[Dataset records]
+ + +
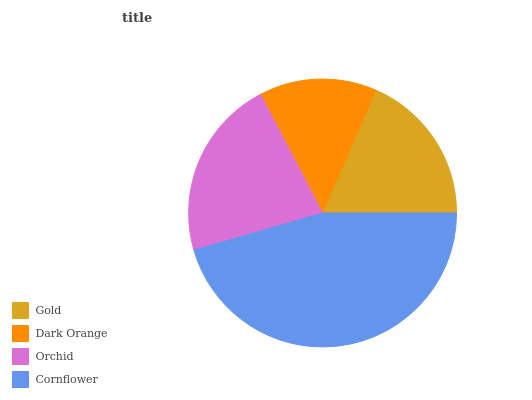Is Dark Orange the minimum?
Answer yes or no. Yes. Is Cornflower the maximum?
Answer yes or no. Yes. Is Orchid the minimum?
Answer yes or no. No. Is Orchid the maximum?
Answer yes or no. No. Is Orchid greater than Dark Orange?
Answer yes or no. Yes. Is Dark Orange less than Orchid?
Answer yes or no. Yes. Is Dark Orange greater than Orchid?
Answer yes or no. No. Is Orchid less than Dark Orange?
Answer yes or no. No. Is Orchid the high median?
Answer yes or no. Yes. Is Gold the low median?
Answer yes or no. Yes. Is Gold the high median?
Answer yes or no. No. Is Orchid the low median?
Answer yes or no. No. 
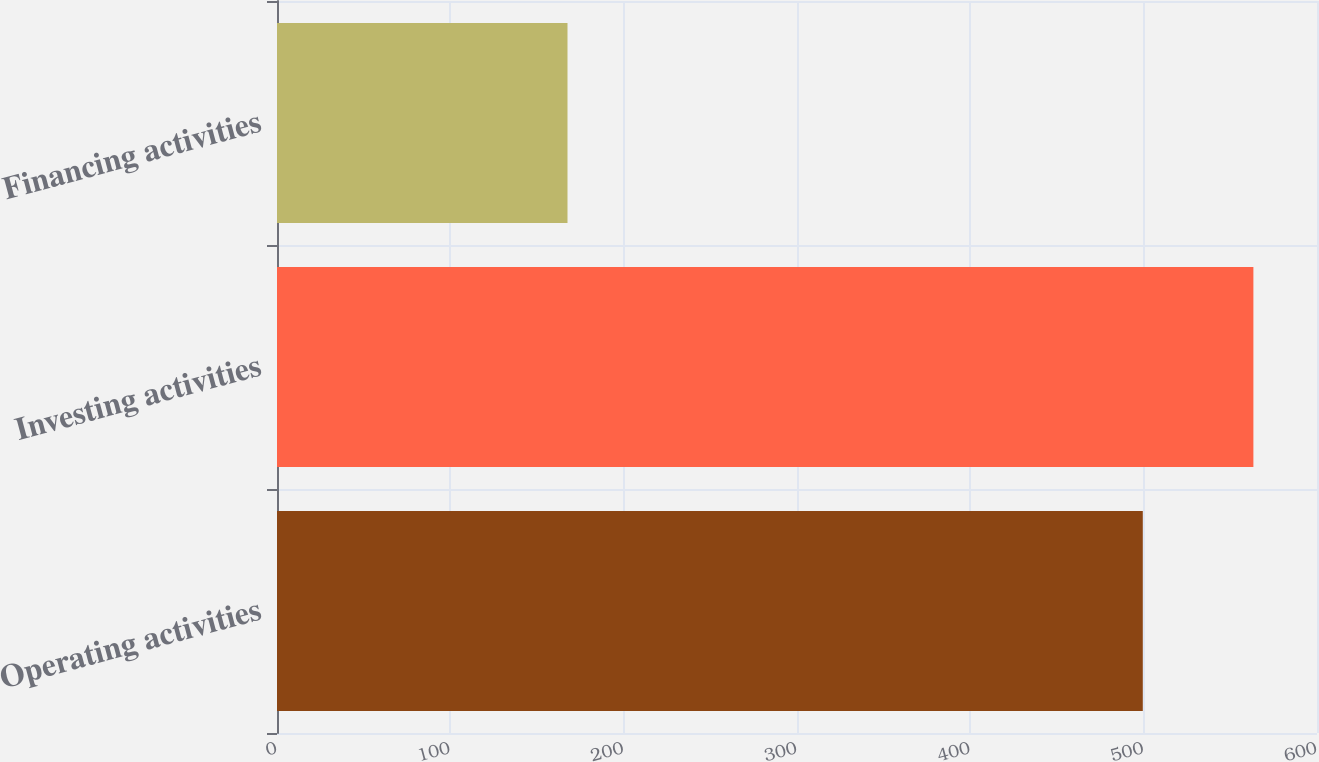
+ + +
TASK GOAL
What is needed is an exact repeat of the lines from the one containing "Answer yes or no. No. Is Orchid less" through the last line of the records above, both included, with pictures left out.

REPLY TO THE TASK
Answer yes or no. No. Is Orchid less than Dark Orange?
Answer yes or no. No. Is Orchid the high median?
Answer yes or no. Yes. Is Gold the low median?
Answer yes or no. Yes. Is Gold the high median?
Answer yes or no. No. Is Orchid the low median?
Answer yes or no. No. 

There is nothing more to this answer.